Dataset items
════════════════
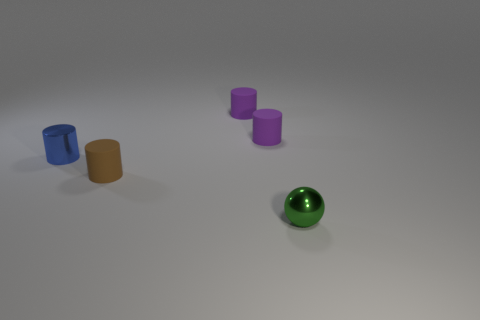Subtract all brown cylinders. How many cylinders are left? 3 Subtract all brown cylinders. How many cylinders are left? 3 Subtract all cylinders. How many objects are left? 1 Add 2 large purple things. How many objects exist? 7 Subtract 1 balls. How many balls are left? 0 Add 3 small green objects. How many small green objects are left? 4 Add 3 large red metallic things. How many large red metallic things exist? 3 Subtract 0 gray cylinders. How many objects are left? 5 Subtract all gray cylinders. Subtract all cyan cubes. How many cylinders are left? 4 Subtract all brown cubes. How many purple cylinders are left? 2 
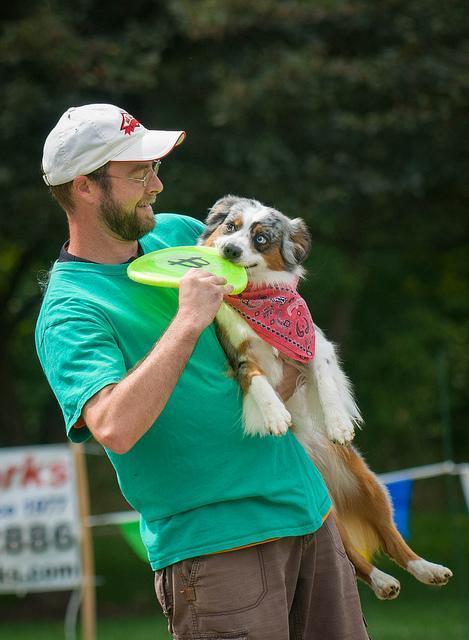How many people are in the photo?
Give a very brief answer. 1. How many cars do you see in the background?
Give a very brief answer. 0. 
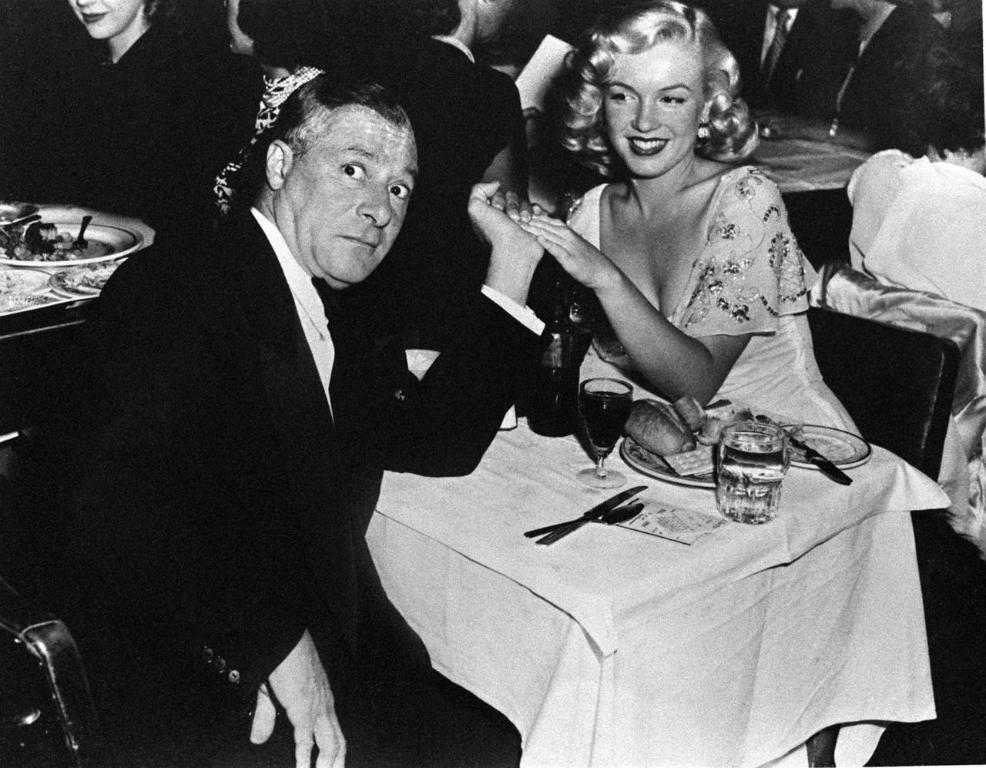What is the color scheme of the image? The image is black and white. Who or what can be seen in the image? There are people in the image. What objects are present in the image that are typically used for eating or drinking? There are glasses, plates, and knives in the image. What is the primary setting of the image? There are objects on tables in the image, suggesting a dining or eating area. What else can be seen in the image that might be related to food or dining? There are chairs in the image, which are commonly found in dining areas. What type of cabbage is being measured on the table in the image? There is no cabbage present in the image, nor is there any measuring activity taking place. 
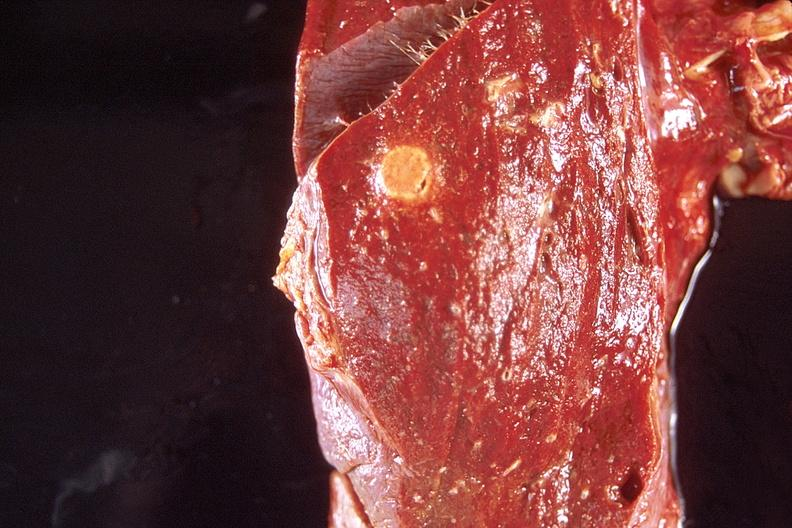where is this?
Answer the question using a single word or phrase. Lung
════════════════
** What is expected **
Work out the number of lines in the records containing the word "brief". Write only that number.

** Exercise solution **
2